Recent directions include integrating gradient-enhanced optimizers with advanced noise models, shot-adaptive step sizes, and error-mitigation-aware batch schedules.

5. Symmetry, Excited States, and Advanced Formulations

Incorporating physical symmetries can dramatically shrink the search space and accelerate convergence. Approaches include:

• Hardware symmetry-preserving ansätze: All symmetry operations are hardwired into circuit structure (e.g., total $S_z$, $S_{\mathrm{tot}}^2$, SU(N)), reducing eligible states and measurement overhead (Lyu et al., 2022, Consiglio et al., 2021).
• Penalty-based and hybrid symmetry enforcement: Classical cost penalties maintain correct symmetry sector, especially when hardware implementation is infeasible.
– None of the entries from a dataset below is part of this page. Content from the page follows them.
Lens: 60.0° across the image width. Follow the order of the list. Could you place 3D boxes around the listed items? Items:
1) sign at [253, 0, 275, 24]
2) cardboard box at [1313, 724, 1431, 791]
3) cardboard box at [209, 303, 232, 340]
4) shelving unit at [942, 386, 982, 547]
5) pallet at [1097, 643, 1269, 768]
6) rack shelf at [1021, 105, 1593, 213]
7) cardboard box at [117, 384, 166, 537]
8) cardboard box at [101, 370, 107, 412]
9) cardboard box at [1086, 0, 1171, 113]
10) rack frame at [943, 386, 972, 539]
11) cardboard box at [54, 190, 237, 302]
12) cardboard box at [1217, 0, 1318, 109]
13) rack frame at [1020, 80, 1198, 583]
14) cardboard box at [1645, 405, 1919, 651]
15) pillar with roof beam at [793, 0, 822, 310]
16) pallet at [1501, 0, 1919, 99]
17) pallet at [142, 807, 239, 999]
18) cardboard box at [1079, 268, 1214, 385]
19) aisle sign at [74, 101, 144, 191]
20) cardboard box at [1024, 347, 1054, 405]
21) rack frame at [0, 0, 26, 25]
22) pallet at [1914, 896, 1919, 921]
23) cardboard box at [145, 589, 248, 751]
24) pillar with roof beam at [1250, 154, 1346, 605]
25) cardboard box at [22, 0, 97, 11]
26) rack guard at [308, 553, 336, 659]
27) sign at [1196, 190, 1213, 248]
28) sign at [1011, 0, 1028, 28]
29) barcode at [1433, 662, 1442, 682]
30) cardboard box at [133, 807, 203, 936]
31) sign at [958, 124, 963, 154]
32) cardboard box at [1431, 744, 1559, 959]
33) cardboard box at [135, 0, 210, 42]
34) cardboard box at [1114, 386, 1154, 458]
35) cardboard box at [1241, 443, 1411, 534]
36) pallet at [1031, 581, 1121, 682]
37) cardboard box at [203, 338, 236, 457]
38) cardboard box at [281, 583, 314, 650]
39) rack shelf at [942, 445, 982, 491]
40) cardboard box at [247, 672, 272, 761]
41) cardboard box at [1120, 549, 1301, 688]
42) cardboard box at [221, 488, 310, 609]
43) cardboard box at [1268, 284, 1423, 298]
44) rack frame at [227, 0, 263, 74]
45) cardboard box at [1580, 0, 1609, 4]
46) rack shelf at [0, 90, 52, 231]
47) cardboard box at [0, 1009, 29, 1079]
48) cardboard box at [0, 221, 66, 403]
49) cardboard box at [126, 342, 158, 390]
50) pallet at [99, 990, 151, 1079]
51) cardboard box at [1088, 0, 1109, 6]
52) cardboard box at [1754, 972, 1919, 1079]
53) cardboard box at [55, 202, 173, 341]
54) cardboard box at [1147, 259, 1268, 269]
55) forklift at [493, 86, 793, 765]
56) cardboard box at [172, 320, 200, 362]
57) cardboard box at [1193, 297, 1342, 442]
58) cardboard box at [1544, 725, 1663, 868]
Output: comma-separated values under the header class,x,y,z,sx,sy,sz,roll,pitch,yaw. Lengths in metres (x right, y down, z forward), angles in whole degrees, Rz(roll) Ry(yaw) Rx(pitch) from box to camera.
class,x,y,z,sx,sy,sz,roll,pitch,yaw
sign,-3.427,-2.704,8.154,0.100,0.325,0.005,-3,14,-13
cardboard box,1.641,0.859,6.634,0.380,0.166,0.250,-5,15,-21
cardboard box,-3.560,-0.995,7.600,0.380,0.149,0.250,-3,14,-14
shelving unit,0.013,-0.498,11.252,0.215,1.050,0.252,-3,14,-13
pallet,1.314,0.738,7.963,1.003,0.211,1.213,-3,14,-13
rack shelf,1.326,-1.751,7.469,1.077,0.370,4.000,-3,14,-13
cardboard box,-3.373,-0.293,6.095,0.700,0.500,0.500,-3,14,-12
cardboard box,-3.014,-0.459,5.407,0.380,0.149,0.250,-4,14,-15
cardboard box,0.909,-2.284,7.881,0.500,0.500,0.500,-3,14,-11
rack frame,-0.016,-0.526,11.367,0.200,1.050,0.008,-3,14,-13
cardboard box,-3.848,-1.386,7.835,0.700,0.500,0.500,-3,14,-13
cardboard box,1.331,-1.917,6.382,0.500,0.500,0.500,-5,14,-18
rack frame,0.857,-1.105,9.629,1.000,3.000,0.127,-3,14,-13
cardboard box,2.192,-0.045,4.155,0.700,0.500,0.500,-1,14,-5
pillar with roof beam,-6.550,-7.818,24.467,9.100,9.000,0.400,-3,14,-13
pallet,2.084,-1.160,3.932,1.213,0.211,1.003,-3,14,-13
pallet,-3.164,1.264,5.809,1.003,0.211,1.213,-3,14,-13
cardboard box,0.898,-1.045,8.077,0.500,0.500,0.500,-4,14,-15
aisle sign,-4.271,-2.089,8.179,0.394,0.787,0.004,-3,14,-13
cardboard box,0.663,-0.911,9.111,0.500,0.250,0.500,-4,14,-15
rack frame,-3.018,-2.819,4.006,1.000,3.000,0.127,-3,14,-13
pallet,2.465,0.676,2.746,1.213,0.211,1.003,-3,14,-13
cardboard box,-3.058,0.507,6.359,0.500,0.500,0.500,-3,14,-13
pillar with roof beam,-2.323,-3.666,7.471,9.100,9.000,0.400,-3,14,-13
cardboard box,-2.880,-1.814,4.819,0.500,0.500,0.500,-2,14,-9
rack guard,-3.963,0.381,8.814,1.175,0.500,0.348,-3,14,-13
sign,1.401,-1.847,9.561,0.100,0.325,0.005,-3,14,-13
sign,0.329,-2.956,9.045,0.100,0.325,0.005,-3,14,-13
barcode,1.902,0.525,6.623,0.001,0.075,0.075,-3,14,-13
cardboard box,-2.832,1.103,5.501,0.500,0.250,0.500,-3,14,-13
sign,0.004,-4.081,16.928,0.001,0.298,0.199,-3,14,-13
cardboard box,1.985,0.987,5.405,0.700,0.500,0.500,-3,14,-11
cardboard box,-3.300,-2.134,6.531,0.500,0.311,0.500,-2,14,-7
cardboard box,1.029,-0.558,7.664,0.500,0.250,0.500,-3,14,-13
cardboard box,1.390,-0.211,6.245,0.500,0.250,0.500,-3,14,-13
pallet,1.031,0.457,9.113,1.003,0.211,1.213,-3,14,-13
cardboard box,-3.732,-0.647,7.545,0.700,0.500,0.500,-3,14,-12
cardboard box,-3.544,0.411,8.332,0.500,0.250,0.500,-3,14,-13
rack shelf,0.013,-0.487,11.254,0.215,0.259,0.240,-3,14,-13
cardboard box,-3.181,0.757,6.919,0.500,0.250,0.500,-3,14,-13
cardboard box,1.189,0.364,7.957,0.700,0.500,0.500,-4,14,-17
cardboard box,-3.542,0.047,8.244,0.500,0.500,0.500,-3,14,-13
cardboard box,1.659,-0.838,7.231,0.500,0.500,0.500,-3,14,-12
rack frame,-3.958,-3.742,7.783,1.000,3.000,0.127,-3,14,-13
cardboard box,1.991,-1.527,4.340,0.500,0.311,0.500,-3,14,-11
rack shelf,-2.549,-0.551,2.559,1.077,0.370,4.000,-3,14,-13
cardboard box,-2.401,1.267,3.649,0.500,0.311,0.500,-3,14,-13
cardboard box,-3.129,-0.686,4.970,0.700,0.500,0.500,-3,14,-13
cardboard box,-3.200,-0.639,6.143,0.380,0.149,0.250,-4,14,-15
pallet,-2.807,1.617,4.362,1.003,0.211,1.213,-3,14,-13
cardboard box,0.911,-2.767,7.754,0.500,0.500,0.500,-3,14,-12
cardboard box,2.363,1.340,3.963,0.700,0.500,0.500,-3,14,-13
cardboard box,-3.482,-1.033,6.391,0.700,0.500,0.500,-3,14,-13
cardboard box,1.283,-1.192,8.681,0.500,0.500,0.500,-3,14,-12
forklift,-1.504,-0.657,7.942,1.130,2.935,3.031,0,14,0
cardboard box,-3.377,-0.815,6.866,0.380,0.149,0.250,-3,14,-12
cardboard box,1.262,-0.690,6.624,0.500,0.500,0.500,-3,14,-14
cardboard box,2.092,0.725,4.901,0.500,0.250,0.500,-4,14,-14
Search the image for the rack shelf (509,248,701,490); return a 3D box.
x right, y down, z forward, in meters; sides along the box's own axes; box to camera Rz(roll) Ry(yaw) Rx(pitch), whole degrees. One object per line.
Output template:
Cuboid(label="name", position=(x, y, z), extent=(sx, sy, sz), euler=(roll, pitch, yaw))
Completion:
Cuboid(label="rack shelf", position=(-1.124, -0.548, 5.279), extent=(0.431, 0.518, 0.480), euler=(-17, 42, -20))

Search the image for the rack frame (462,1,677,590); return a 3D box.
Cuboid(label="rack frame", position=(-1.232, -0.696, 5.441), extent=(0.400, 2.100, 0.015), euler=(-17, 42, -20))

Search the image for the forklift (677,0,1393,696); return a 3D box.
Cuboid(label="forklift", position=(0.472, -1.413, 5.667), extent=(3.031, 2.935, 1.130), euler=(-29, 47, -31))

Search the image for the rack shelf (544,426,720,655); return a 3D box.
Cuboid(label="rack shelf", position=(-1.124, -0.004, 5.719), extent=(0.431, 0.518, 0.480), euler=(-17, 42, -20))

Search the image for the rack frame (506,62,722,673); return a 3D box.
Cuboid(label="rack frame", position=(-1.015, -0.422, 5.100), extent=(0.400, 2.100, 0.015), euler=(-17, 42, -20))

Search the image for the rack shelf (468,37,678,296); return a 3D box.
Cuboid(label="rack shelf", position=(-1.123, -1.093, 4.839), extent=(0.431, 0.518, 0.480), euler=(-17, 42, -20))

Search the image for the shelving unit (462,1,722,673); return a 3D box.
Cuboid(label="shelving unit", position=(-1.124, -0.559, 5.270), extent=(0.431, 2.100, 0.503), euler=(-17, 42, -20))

Hybrid approaches employ hardware for local symmetries and penalties for global constraints (Lyu et al., 2022).
• Excited-state targeting: Subspace-search VQE (SSVQE) and penalty-augmented cost functions generalize VQE to excited states. Symmetry adaptation is critical for suppressing arbitrary ground–excited state mixing and minimizing measurement cost for each targeted sector.

Extensions to multi-parameter VQE, variance minimization (VVQE), Gaussian-filtered ground-state projection, and variational quantum state diagonalization (VQSE) have demonstrated efficient excited-state extraction, self-verification, or principal component identification within the VQE paradigm (Cerezo et al., 2020, Zhang et al., 2020, Liu et al., 2024).

6. Scalability, NISQ Feasibility, and Resource Estimation

Scalability arguments must address qubit count, circuit depth, parameter count, measurement overhead, and optimizer cost:

• Qubit requirements scale with physical Hilbert-space size (e.g. $N_q = N_e$ electrons × $N_{\rm orbitals}$, or $N\,L$ for SU($N$) fermion rings) (Consiglio et al., 2021, Langkabel et al., 2024).
• Depth per circuit layer, gate count, and entanglement capacity depend strongly on ansatz design (e.g., per-layer CNOT count $O(NL)$ for SU(N) fermions; $O(N^2)$ for fully connected hardware-efficient or UCC types) (Consiglio et al., 2021, Hu et al., 2022).
• State-of-the-art results typically require total depths $<200$ for realistic Hamiltonians on $\sim$10–15 qubits (Consiglio et al., 2021), matching constraints for current superconducting qubit platforms, with resource-efficient ansätze or MRA orbital tailoring enabling further resource reductions (Langkabel et al., 2024).
• Measurement cost is $O(v/\epsilon^2)$ for energy convergence at precision $\epsilon$, with error mitigation protocols adding minor overheads but yielding substantial gains in effective accuracy (Nicoli et al., 29 Jan 2025, Shi et al., 18 Nov 2025).
• Hybrid classical–quantum strategies such as collective VQE, tensor-network pre-optimization, or machine-learning-in-the-loop can further compress the quantum workload through parameter sharing and improved initializations (Zhang et al., 2019, Khan et al., 2023).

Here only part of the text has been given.